Images are not part of the copy; write out the rest of the data exactly as given.

-------

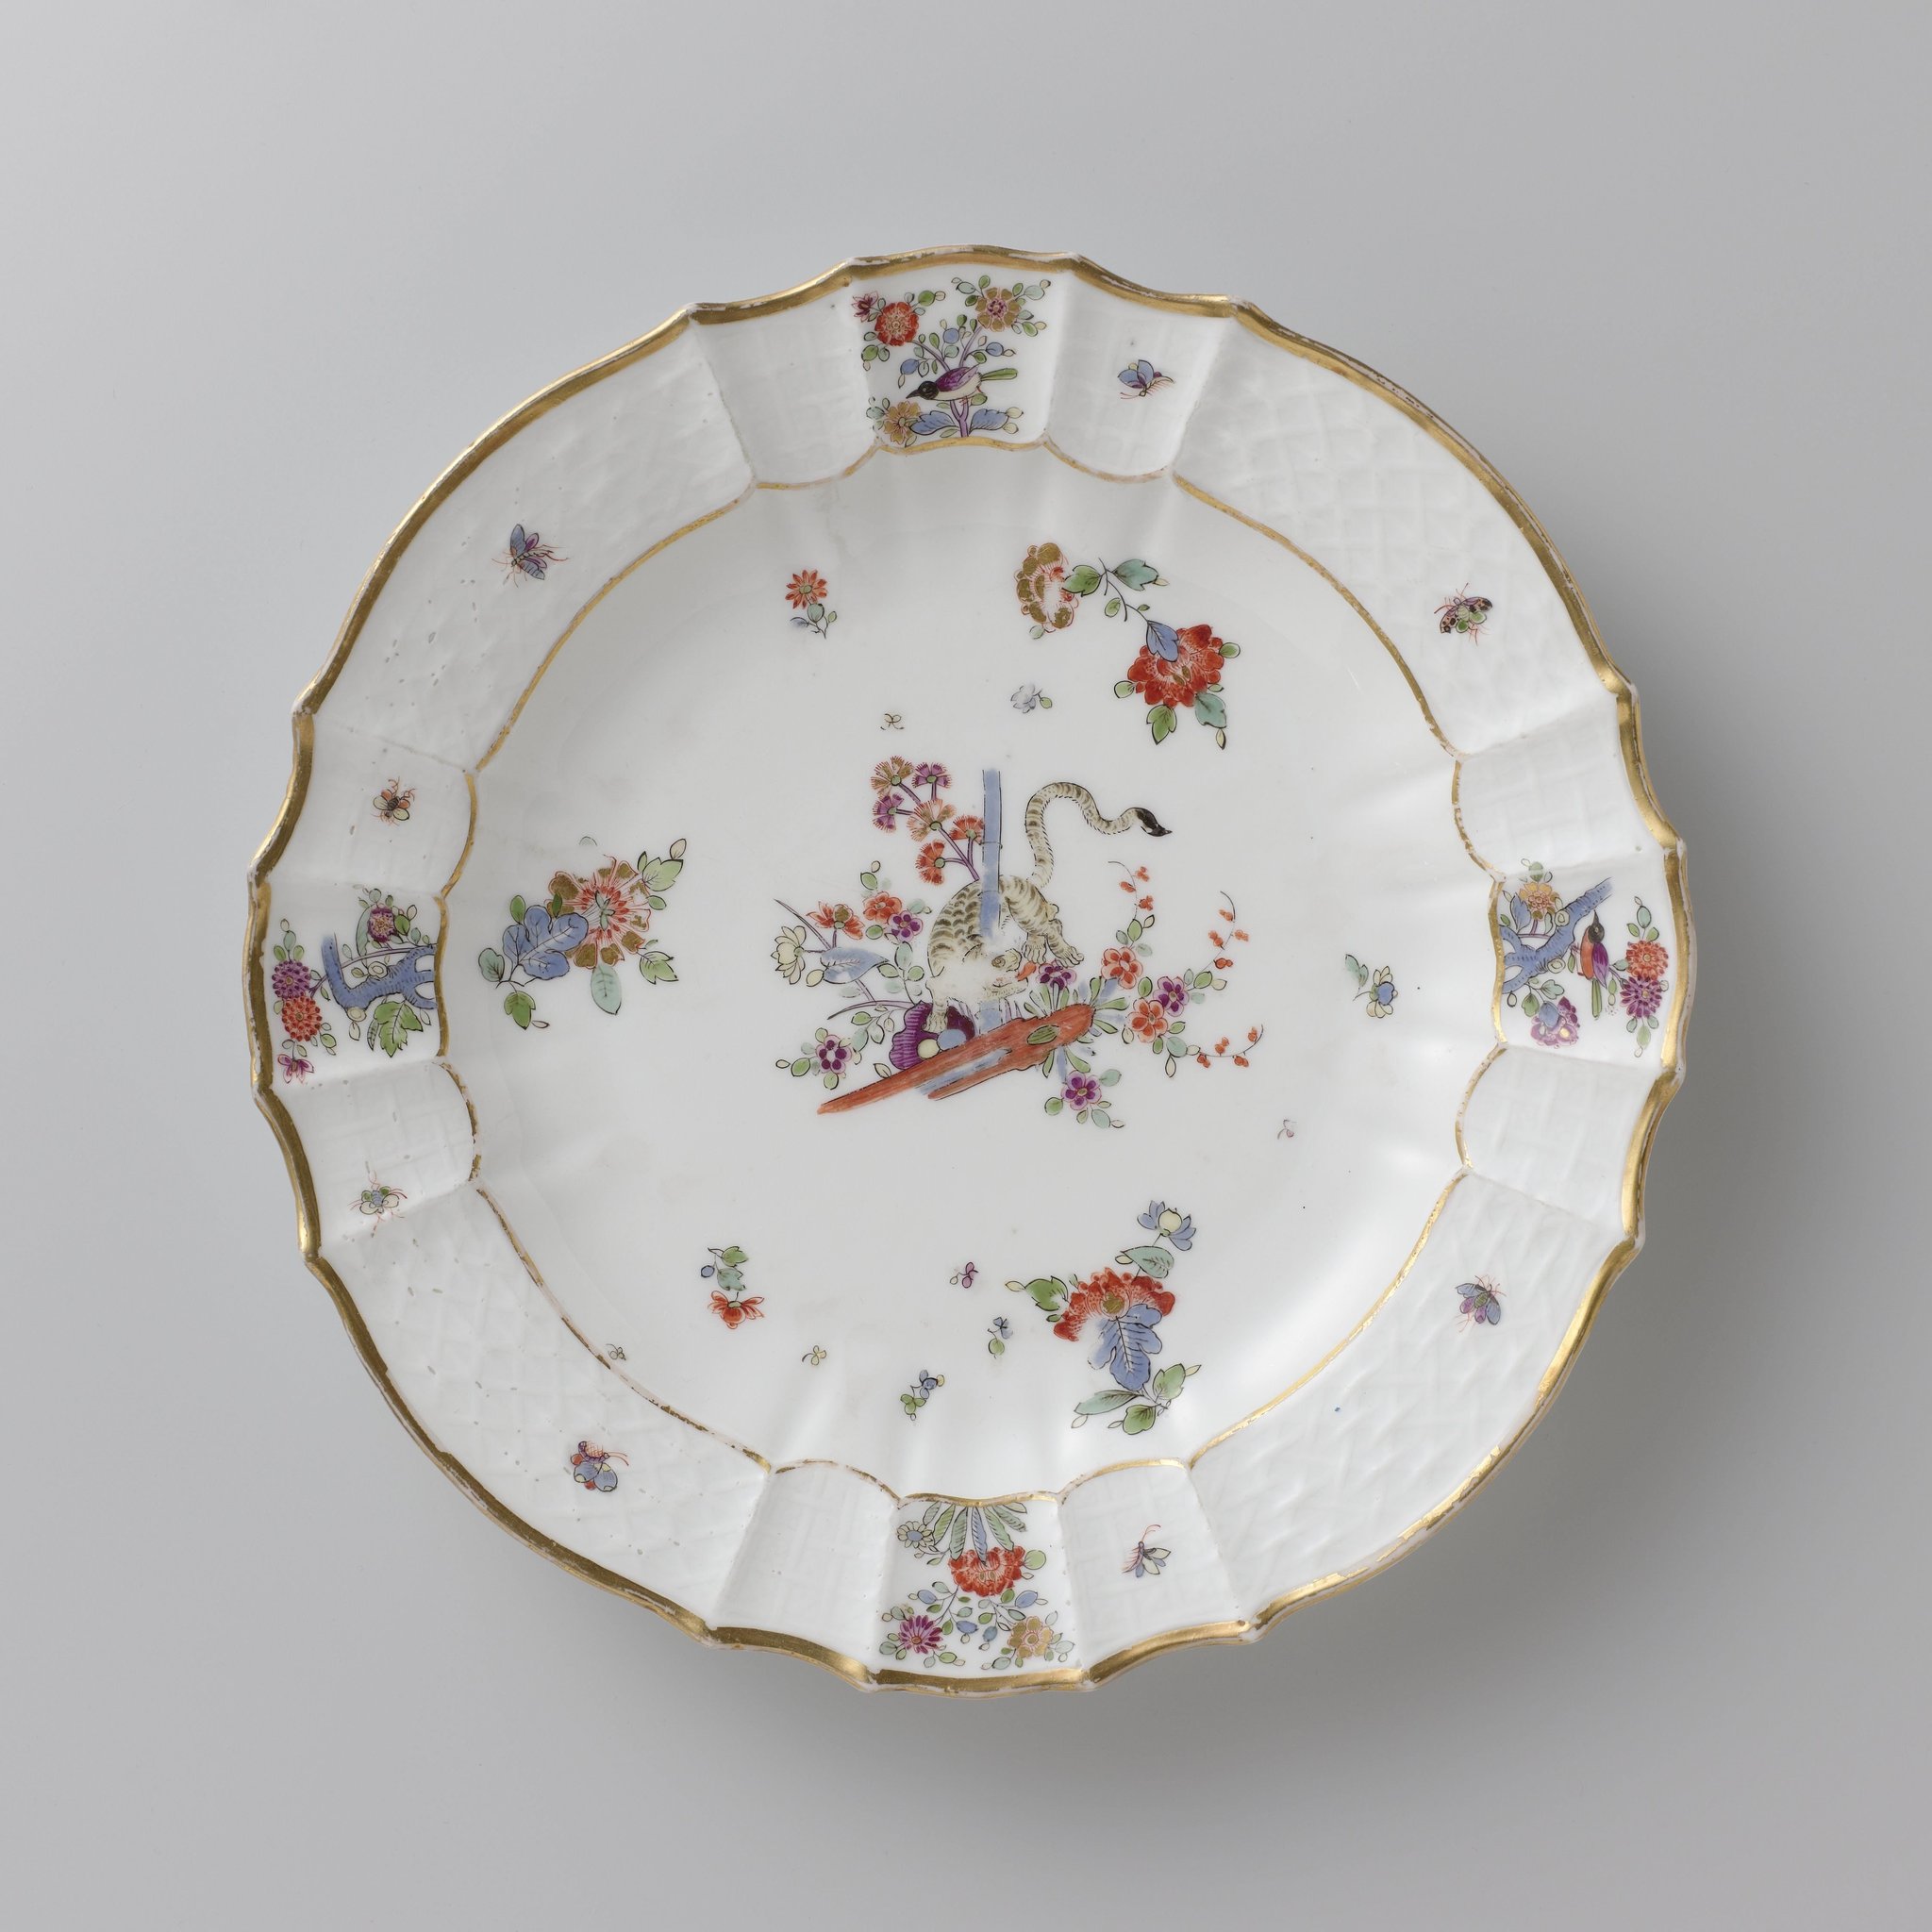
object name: plate dish
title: Rond bord, veelkleurig beschilderd met een Kakiemon-decor
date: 1740-1745
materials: porcelain
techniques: painted
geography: meissen
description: Rond bord van beschilderd porselein. Het bord is geribd en heeft een geschulpte rand. Het bord is beschilderd met een tijger die om een blauwe bamboestengel tussen bloemen is gedraaid, gestrooide Indianische Blumen, vlinders en takken waarop vogels. De rand is versierd met het 'Altbrandenstein'-patroon. Het bord is gemerkt.
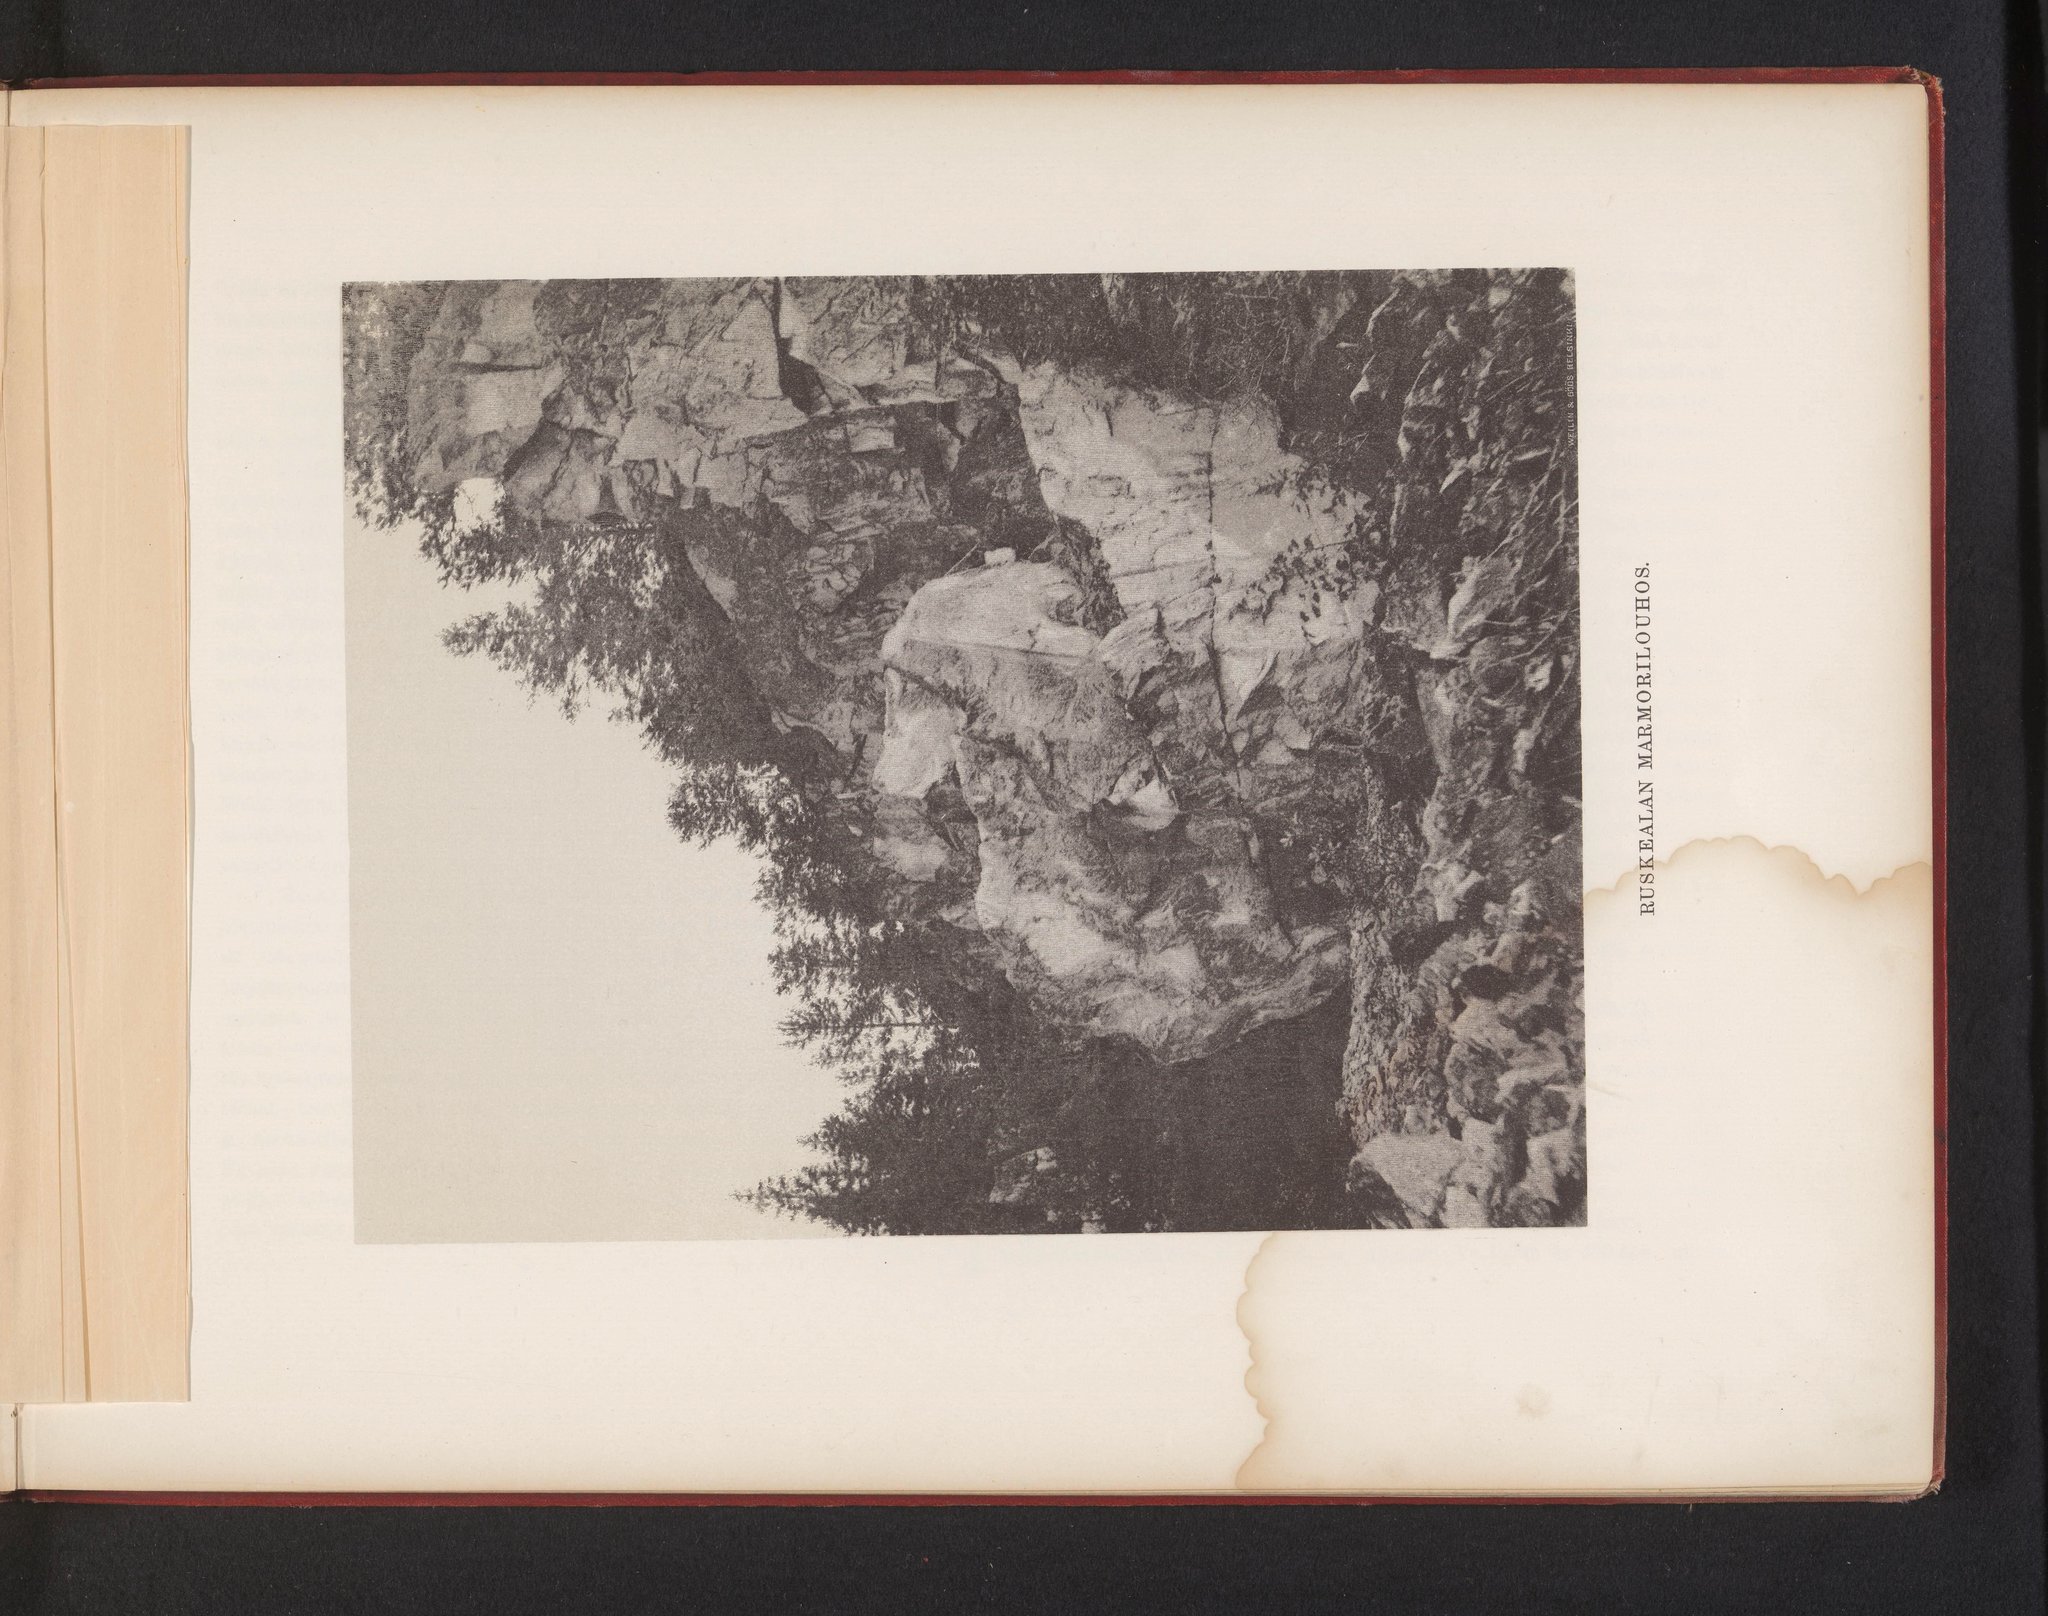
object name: photomechanical print
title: Rotsen in Ruskeala
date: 1888-1893
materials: paper
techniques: autotype
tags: rocks

-------

Answer area:
object name: plate dish
title: Rond bord, veelkleurig beschilderd met een Kakiemon-decor
date: 1740-1745
materials: porcelain
techniques: painted
geography: meissen
description: Rond bord van beschilderd porselein. Het bord is geribd en heeft een geschulpte rand. Het bord is beschilderd met een tijger die om een blauwe bamboestengel tussen bloemen is gedraaid, gestrooide Indianische Blumen, vlinders en takken waarop vogels. De rand is versierd met het 'Altbrandenstein'-patroon. Het bord is gemerkt.
object name: photomechanical print
title: Rotsen in Ruskeala
date: 1888-1893
materials: paper
techniques: autotype
tags: rocks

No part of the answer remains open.